▶ What you need to do
Go over the data below and say how many lines hold the word "Name". Only the number is needed.

Extracted data entries
◆ ◆ ◆ ◆
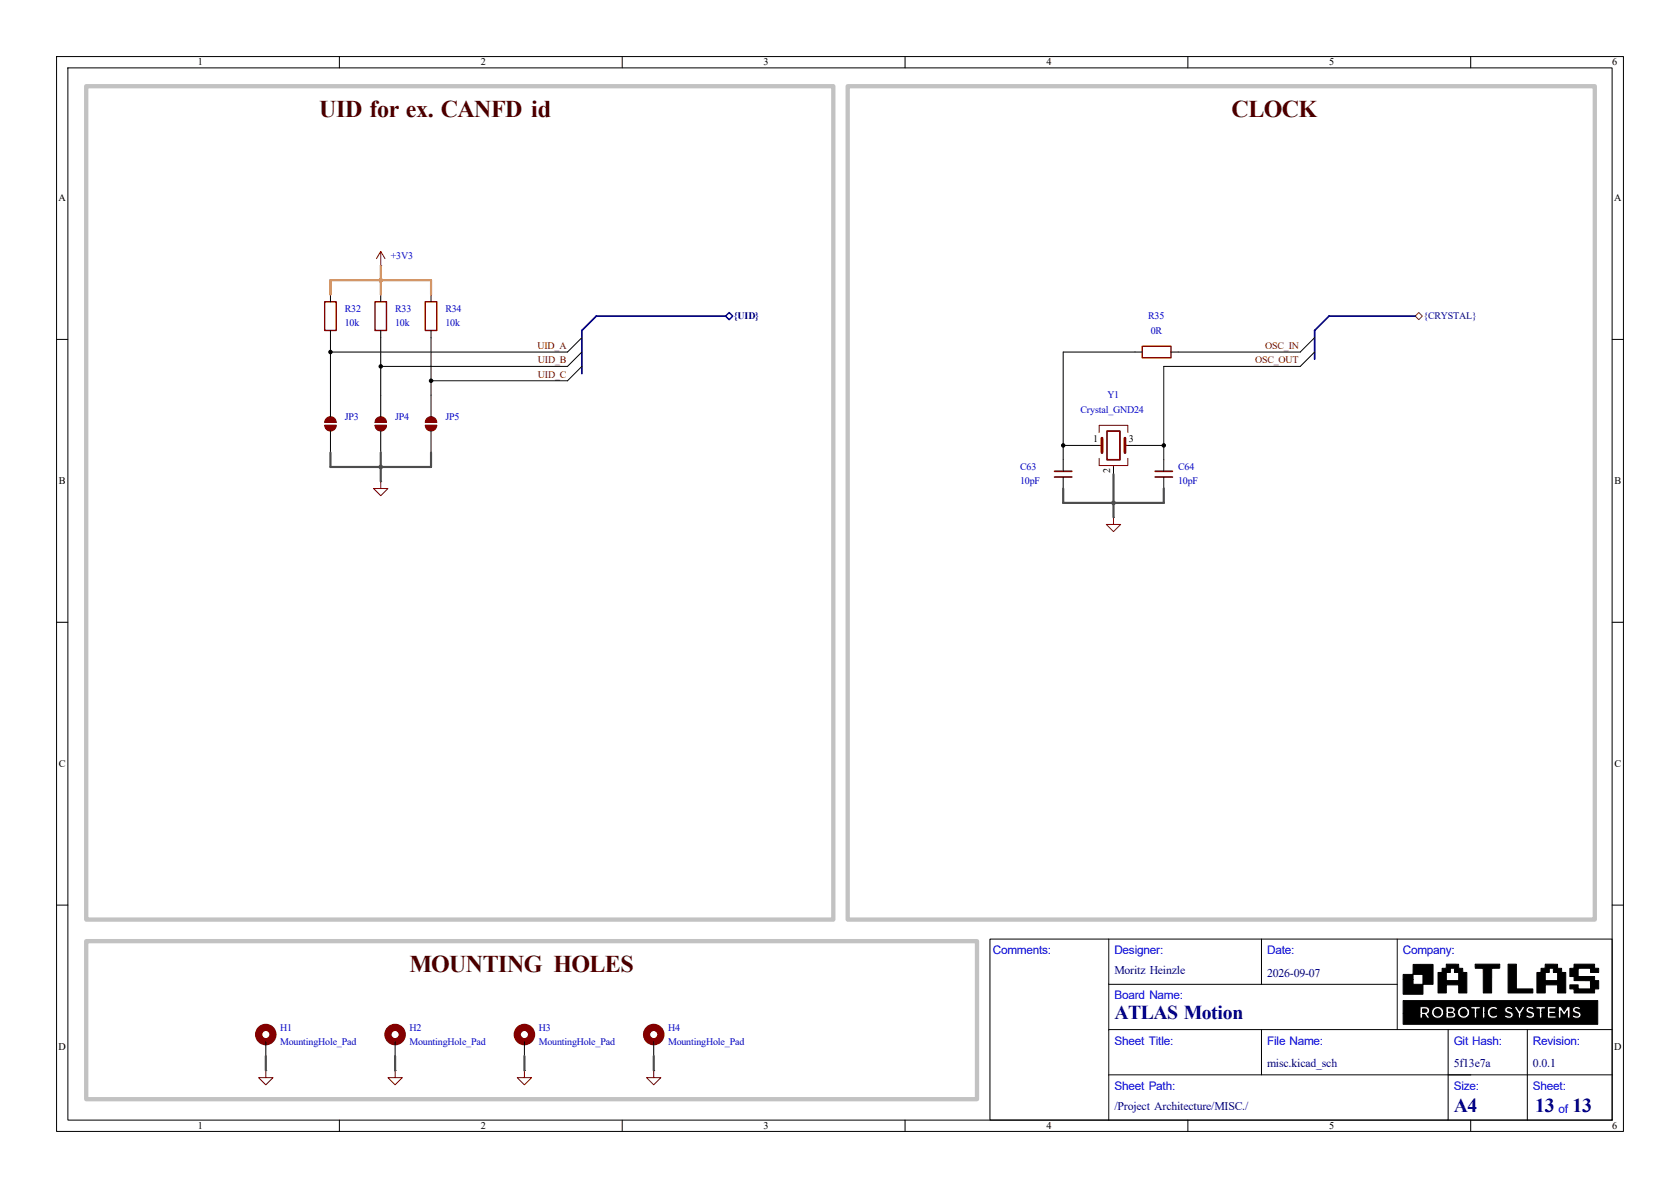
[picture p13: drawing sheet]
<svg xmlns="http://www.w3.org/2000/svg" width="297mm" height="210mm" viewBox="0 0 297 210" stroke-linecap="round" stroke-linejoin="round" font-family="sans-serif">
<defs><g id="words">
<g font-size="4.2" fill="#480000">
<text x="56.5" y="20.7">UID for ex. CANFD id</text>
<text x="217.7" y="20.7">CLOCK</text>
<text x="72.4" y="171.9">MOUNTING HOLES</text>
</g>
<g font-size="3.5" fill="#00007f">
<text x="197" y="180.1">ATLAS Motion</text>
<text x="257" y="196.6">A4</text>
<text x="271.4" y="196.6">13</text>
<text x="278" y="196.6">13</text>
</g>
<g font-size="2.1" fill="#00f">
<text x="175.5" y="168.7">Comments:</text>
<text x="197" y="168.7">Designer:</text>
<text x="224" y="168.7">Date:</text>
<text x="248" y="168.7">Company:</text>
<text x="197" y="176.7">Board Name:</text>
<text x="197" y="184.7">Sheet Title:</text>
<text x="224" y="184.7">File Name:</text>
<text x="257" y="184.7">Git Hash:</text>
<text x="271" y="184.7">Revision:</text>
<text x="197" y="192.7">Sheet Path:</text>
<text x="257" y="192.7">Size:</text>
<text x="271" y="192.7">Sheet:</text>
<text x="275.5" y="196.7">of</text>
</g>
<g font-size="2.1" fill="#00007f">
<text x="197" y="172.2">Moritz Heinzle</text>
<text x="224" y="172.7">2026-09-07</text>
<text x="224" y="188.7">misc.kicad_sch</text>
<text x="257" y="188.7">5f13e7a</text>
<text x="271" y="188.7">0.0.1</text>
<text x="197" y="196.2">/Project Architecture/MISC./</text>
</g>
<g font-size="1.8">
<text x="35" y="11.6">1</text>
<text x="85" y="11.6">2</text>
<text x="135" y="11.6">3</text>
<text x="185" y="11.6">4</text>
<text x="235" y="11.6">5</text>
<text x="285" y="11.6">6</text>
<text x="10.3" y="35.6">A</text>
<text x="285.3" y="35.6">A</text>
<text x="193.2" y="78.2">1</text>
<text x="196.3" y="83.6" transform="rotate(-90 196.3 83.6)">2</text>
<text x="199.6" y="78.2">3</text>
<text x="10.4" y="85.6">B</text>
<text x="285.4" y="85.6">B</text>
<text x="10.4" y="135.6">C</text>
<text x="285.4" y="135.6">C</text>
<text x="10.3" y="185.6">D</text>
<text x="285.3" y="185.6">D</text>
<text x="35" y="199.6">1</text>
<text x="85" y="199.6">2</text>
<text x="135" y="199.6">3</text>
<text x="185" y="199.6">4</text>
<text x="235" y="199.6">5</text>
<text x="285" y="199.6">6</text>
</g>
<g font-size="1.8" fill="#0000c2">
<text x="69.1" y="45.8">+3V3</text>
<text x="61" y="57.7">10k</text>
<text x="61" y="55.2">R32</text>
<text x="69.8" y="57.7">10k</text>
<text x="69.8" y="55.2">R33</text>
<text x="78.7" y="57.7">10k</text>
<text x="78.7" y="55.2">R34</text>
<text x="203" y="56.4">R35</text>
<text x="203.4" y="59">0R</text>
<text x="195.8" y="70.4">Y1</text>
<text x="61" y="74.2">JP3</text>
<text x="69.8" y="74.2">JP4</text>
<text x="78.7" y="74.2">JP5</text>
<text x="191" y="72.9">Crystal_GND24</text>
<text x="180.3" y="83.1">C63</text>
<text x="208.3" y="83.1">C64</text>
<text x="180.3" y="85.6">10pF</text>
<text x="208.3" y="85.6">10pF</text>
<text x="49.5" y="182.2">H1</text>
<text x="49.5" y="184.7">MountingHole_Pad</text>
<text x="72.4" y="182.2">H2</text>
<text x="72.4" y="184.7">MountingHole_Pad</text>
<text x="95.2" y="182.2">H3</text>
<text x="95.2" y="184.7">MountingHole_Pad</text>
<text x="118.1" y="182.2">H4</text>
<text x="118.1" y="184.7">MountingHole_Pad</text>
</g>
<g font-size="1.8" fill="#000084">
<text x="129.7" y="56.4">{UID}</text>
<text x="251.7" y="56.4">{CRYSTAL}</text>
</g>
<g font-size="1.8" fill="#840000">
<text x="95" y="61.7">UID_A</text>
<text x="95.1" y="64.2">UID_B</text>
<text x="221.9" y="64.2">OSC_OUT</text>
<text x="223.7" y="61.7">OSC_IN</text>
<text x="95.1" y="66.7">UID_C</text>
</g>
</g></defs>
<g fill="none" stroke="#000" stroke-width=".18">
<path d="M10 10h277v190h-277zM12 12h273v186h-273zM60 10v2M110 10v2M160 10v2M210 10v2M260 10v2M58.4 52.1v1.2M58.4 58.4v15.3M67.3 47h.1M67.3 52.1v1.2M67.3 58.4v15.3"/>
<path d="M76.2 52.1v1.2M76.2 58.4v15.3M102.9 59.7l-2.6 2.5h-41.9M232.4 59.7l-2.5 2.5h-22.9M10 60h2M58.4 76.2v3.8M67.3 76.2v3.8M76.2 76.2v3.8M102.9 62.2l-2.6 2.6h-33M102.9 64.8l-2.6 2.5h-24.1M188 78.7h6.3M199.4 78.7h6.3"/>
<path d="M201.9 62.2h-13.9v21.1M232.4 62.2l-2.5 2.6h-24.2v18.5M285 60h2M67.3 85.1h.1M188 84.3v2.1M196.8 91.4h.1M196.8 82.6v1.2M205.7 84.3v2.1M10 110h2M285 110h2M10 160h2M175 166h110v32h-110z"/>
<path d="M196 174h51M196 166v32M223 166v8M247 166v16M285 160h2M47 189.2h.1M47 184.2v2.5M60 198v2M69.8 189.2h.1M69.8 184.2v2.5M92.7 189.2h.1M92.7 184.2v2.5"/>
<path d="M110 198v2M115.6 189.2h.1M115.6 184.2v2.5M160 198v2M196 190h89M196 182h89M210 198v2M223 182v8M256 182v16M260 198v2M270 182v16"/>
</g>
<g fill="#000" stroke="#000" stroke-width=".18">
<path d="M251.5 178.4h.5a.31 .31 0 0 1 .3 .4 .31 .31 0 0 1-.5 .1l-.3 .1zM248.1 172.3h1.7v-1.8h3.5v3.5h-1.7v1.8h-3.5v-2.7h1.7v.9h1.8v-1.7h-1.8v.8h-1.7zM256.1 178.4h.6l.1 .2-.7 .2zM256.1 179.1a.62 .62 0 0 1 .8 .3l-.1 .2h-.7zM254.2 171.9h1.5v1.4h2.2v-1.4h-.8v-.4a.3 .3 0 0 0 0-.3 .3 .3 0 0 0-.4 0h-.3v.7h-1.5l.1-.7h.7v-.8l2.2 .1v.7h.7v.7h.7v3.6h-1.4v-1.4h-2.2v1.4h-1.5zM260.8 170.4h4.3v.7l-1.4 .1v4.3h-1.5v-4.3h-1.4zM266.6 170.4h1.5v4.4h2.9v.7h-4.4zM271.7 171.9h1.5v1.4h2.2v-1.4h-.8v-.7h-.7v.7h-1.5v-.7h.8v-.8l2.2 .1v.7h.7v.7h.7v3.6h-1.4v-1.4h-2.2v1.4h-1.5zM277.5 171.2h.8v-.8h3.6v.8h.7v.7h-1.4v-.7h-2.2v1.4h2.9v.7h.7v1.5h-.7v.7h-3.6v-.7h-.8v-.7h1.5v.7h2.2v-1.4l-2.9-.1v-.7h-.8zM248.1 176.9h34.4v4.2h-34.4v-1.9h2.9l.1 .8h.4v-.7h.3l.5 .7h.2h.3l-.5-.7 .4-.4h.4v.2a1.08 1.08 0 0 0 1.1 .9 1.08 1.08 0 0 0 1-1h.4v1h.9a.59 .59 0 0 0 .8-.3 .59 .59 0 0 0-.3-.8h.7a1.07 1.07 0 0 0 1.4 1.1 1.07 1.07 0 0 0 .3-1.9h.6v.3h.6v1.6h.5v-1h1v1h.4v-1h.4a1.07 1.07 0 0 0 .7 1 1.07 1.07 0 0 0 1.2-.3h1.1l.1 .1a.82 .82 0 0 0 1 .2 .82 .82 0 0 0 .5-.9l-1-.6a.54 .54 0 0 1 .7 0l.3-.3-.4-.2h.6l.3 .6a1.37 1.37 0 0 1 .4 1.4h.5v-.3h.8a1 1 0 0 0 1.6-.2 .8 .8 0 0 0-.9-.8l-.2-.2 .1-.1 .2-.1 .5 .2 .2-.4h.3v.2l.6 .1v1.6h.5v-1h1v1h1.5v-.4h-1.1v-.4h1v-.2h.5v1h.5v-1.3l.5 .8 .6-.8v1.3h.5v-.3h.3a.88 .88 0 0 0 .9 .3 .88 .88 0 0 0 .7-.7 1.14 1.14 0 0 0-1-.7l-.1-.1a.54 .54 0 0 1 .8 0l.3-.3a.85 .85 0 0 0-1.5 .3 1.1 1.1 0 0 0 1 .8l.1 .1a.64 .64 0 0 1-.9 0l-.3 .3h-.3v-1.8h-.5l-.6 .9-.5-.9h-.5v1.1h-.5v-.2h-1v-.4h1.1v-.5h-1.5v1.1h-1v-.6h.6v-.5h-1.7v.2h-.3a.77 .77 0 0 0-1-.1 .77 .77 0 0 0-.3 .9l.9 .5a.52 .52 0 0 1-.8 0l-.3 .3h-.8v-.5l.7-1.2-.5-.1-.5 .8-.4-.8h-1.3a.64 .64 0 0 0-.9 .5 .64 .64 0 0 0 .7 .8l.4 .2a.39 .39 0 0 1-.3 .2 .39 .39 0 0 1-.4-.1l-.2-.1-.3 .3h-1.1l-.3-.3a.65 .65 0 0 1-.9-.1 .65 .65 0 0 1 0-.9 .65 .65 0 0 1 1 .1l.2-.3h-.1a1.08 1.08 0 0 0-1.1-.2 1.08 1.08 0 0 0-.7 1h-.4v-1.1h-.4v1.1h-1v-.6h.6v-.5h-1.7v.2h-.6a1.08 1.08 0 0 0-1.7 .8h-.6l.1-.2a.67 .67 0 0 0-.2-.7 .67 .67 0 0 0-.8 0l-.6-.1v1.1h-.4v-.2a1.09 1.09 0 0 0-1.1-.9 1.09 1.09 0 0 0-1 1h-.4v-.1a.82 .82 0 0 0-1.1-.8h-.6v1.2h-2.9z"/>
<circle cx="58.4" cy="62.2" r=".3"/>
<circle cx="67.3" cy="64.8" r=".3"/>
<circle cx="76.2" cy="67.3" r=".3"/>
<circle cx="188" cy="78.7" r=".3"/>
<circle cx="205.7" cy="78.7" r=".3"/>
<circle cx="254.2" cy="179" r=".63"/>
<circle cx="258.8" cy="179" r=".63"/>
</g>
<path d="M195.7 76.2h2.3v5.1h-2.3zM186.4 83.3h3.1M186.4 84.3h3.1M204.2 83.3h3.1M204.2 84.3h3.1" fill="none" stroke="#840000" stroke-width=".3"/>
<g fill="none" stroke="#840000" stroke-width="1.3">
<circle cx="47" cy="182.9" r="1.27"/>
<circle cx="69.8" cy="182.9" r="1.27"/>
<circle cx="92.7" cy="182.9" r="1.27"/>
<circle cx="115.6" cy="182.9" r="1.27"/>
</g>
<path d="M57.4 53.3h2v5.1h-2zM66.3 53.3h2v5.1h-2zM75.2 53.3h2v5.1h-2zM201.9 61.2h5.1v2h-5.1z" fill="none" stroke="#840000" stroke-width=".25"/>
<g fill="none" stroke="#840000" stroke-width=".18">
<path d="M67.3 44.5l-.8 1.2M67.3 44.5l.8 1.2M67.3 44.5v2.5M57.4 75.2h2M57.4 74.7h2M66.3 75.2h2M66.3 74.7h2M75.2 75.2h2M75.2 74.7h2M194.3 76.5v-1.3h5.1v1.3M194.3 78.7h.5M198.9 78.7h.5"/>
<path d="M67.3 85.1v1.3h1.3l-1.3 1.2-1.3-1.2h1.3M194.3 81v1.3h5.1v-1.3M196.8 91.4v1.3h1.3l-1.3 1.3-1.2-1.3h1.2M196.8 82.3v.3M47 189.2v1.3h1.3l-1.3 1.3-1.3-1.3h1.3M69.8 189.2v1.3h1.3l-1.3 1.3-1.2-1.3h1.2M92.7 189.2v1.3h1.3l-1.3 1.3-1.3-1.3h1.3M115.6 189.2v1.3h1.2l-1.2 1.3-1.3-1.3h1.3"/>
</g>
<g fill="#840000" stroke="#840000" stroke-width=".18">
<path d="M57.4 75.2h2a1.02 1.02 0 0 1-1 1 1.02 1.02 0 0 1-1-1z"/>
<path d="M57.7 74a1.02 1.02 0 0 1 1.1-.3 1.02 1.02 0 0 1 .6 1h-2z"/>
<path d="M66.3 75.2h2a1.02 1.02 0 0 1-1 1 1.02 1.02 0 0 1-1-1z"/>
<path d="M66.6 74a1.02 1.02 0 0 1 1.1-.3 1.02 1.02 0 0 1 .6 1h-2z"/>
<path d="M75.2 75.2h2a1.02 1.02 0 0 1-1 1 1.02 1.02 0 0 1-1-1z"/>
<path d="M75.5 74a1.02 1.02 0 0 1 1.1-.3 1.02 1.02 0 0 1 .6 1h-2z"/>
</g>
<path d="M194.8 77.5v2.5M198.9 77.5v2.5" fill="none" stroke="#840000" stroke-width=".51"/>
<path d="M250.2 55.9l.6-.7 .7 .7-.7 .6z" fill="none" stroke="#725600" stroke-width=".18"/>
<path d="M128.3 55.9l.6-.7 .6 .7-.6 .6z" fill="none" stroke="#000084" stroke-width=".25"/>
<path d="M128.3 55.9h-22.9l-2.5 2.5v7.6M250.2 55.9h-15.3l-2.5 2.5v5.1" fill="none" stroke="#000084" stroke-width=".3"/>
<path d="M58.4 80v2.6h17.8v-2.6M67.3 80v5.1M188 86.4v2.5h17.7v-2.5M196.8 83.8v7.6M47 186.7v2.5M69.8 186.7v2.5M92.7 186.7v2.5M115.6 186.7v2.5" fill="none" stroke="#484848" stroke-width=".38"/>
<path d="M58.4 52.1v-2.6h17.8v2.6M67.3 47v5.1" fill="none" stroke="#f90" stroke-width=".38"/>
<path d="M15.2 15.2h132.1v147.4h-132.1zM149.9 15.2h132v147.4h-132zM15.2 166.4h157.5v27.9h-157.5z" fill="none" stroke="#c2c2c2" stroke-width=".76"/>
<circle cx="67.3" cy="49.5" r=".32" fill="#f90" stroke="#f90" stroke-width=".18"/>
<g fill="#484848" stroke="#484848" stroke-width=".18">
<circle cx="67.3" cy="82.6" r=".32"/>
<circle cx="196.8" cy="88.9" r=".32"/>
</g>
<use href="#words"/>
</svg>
◆ ◆ ◆ ◆
▶ Answer to the problem
2